Multi-speaker conversations

Generate stitched, multi-turn dialogue audio in one API call — including across providers.

If you've read Conversations, you know the shape. This guide is the practical recipe: when to use the conversation endpoint, how to choose between shared and per-turn models, and how to manage gaps and volume.

When to use it

Use POST /v1/audio/conversation whenever you need:

More than one voice in a single piece of audio,
Server-side stitching (no client-side audio mixing),
Volume normalisation across mixed providers,
Per-turn timing control.

If you just need a single voice reading a long passage, use /v1/audio/speech — it streams and gets going faster.

Shared model recipe (single provider)

The simplest case. Pin the provider/model at the top level (or per-turn in the SDK) and let every turn just pick a voice:

import { generateConversation } from "@speech-sdk/core";

const result = await generateConversation({
  apiKey: process.env.SPEECHBASE_API_KEY,
  turns: [
    { model: "openai/gpt-4o-mini-tts", voice: "alloy",   text: "Welcome to the show." },
    { model: "openai/gpt-4o-mini-tts", voice: "shimmer", text: "Glad to be here." },
  ],
  gapMs: 400,
  volumeDbfs: -16,
  output: { format: "mp3" },
});

{
  "model": "openai/gpt-4o-mini-tts",
  "turns": [
    { "voice": "alloy",   "text": "Welcome to the show." },
    { "voice": "shimmer", "text": "Glad to be here." }
  ],
  "gapMs": 400,
  "volumeDbfs": -16,
  "output": "mp3"
}

Use this when one provider has the voices you want and you don't need cross-provider mixing.

Per-turn recipe (mixed providers)

Specify the model per turn and mix providers freely:

import { generateConversation } from "@speech-sdk/core";

const result = await generateConversation({
  apiKey: process.env.SPEECHBASE_API_KEY,
  turns: [
    {
      model: "elevenlabs/eleven_v3",
      voice: "EXAV...",
      text: "I'm running narration on ElevenLabs.",
    },
    {
      model: "openai/gpt-4o-mini-tts",
      voice: "alloy",
      text: "And I'm replying on OpenAI.",
    },
  ],
  gapMs: 500,
  volumeDbfs: -16,
  output: { format: "mp3" },
});

{
  "turns": [
    {
      "provider": "elevenlabs",
      "model": "eleven_v3",
      "voice": "EXAV...",
      "text": "I'm running narration on ElevenLabs."
    },
    {
      "provider": "openai",
      "model": "gpt-4o-mini-tts",
      "voice": "alloy",
      "text": "And I'm replying on OpenAI."
    }
  ],
  "gapMs": 500,
  "volumeDbfs": -16,
  "output": "mp3"
}

Use this when:

Different voices live with different providers (custom-cloned voices, niche providers, etc.),
You want to A/B different providers in the same piece,
You're cost-optimising — fast/cheap provider for short turns, premium provider for hero turns.

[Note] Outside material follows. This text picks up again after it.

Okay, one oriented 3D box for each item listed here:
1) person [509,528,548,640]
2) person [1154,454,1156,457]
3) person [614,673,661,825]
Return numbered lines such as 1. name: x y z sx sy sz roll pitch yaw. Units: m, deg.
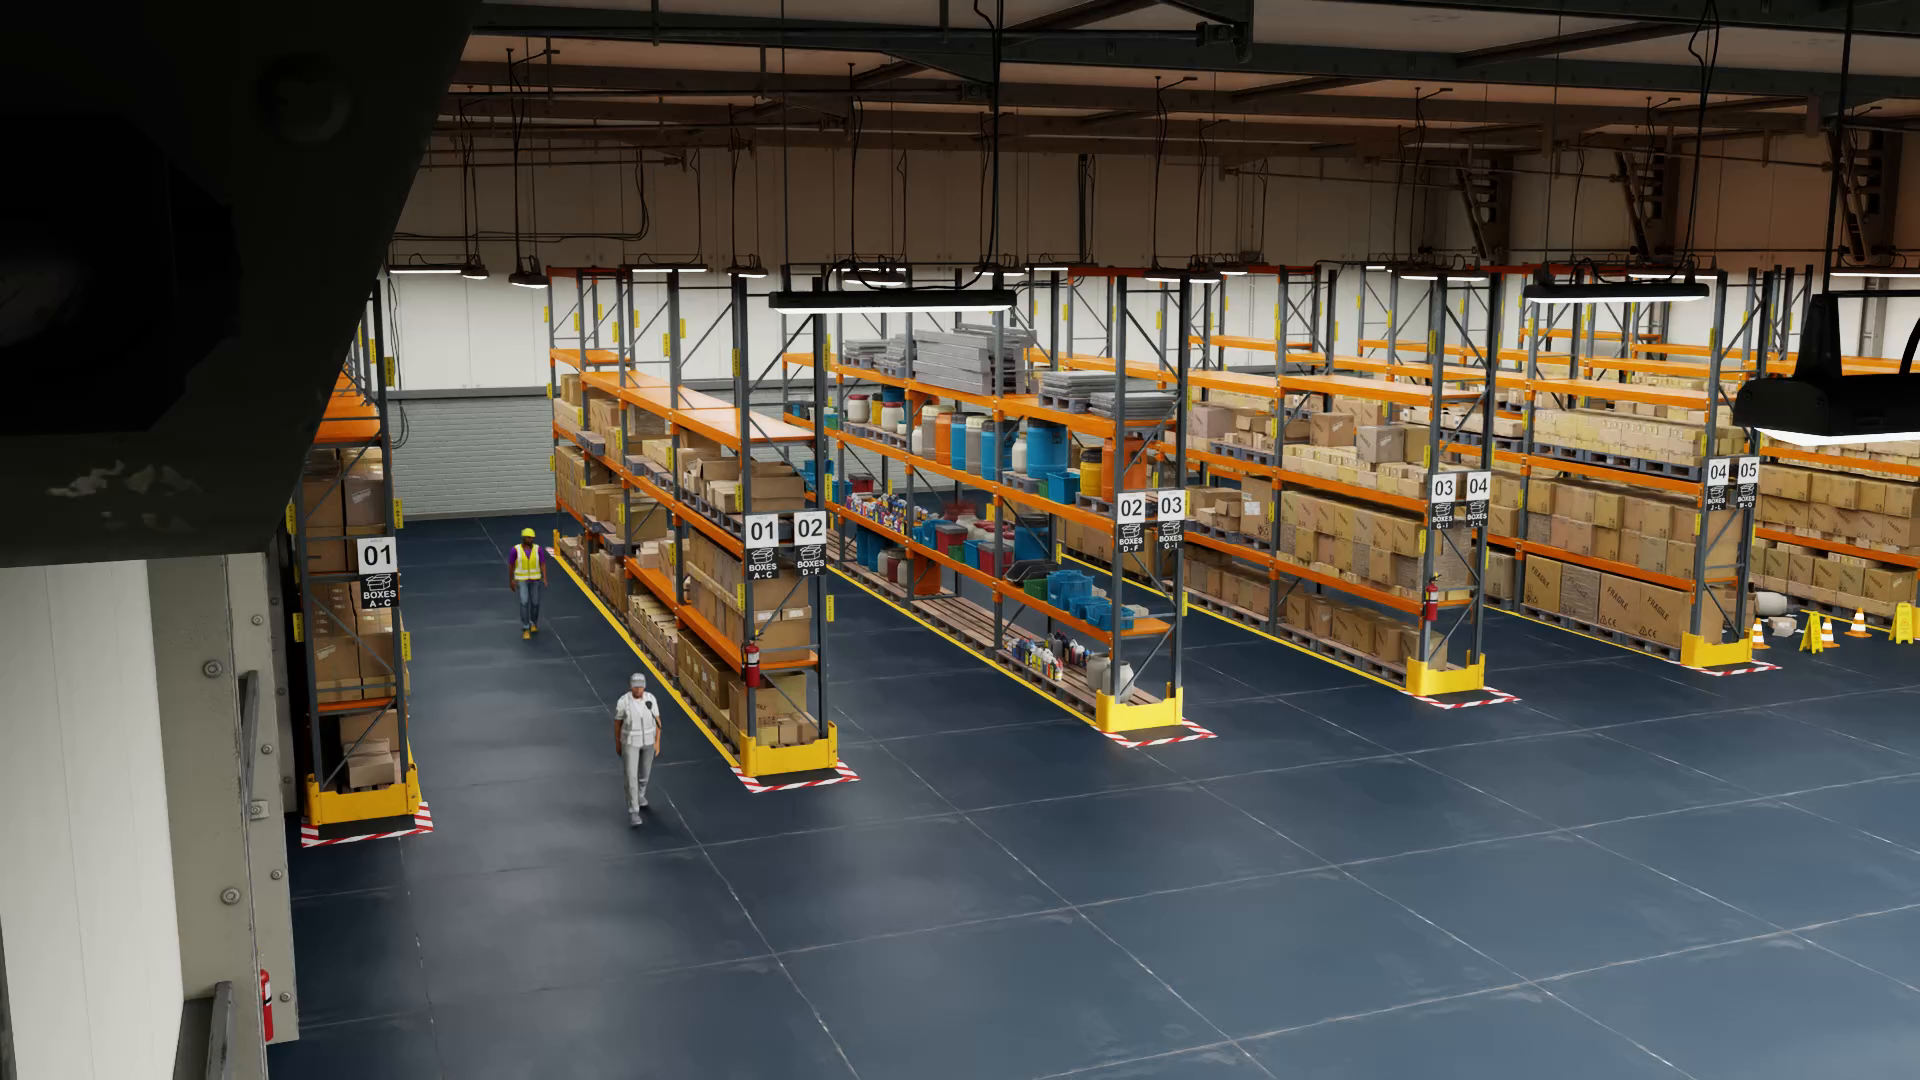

Speechbase validates BYOK availability for every provider you reference before dispatching anything; you won't get a half-rendered conversation.

Tuning gap and volume

What you want	Settings
Tight, podcast-like back-and-forth	`gapMs: 250–400`, `volumeDbfs: -16`
Thoughtful, narrated dialogue	`gapMs: 600–900`, `volumeDbfs: -18`
Compliant streaming loudness (LUFS-style)	`volumeDbfs: -23`
Audiobook-style pacing	`gapMs: 800+`

If you skip volumeDbfs, Speechbase passes audio through without normalisation. That works when every turn comes from the same provider with the same voice settings; with mixed providers you almost certainly want it set.

Word-level timestamps

POST /v1/audio/conversation/with-timestamps returns the same envelope plus a timestamps array. Each entry includes a turnIndex so you can attribute words back to their turn. See Word-level timestamps.

Limits and behaviour

Buffered, not streamed. Conversations always return after every turn is rendered.
All-or-nothing. A failure on any turn (moderation, provider error) fails the whole request.
Moderation runs per-turn. Each turn's text is checked; one bad turn blocks the conversation.
Logged as one request. The log entry attributes the parent request and records per-turn metadata as children for analytics.